Friday, February 2 is World Wetlands Day. While many of these beautiful places are frozen over this time of year, this occasion gives us a chance to reflect on their importance and the never-ending services they offer to set our own communities up for a hopeful future.

Canada is home to one quarter of the world’s wetlands. Bogs, peatlands, marshes, rivers, lakes, deltas, floodplains and flooded forests cover 15 per cent of our country’s landmass, and we are failing to protect these places. An estimated 70 per cent of southern Canada’s wetlands have been lost. That figure rises to a nearly 95 per cent loss near densely populated areas.

Every time we convert or degrade a wetland, we destroy the environmental benefits these ecosystems provide: filtering water, storing carbon, protecting nearby communities from spring melts and summer droughts, and providing homes for hundreds of plant and animal species.

Wetlands are amazing for all what they do for us.

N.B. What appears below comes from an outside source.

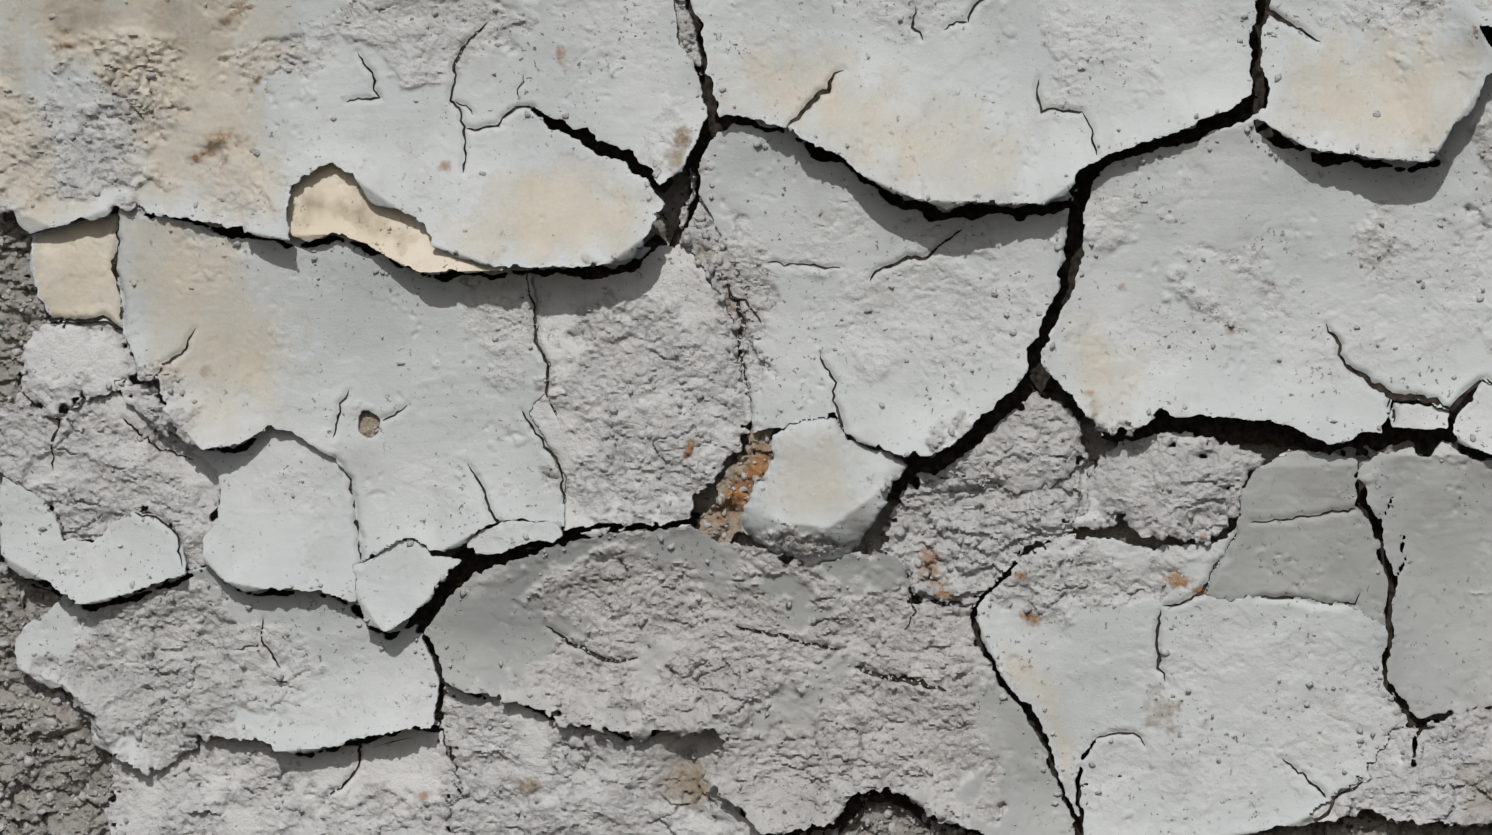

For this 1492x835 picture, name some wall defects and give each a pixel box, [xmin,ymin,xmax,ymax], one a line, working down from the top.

Like giant sponges, they absorb and hold water around our cities and farms, acting as buffers from floods and droughts. Coastal wetlands dampen storm surges by absorbing the wave energy and abating shore erosion. During heavy rains, these giant sponges hold water and release it gradually. Wetlands also provide natural fire breaks, which is incredibly important when considering the wildfires we’ve recently experienced in parts of Canada.

Like landscape-sized water treatment plants, they store and filter the water that we depend on. Their intricate plant life filters out sediment and excess nutrients from the water we use to make our coffee, brush our teeth and quench our thirst.

Wetland loss comes at a price

Around the world and here at home, we are feeling the brunt of the dramatic loss of wetlands. The Insurance Bureau of Canada reported in January that Canada suffered $3.1 billion in insurance damage from severe weather events during 2023. According to the report, insurance losses in this country “now routinely exceed $2 billion annually, and most of it is due to water-related damage.”

Wetlands serve as natural defences that protect our homes and infrastructure from storms and floods and make everyday life for us healthier. An ounce of prevention is worth a pound of cure. We can protect what wetlands remain and restore the ones we have lost. This is a tangible solution to mitigating the effects of severe weather events and our rapidly changing climate.

We have a global responsibility to conserve and restore these areas. The good news is that many communities and conservation organizations like the Nature Conservancy of Canada (NCC) are working on it.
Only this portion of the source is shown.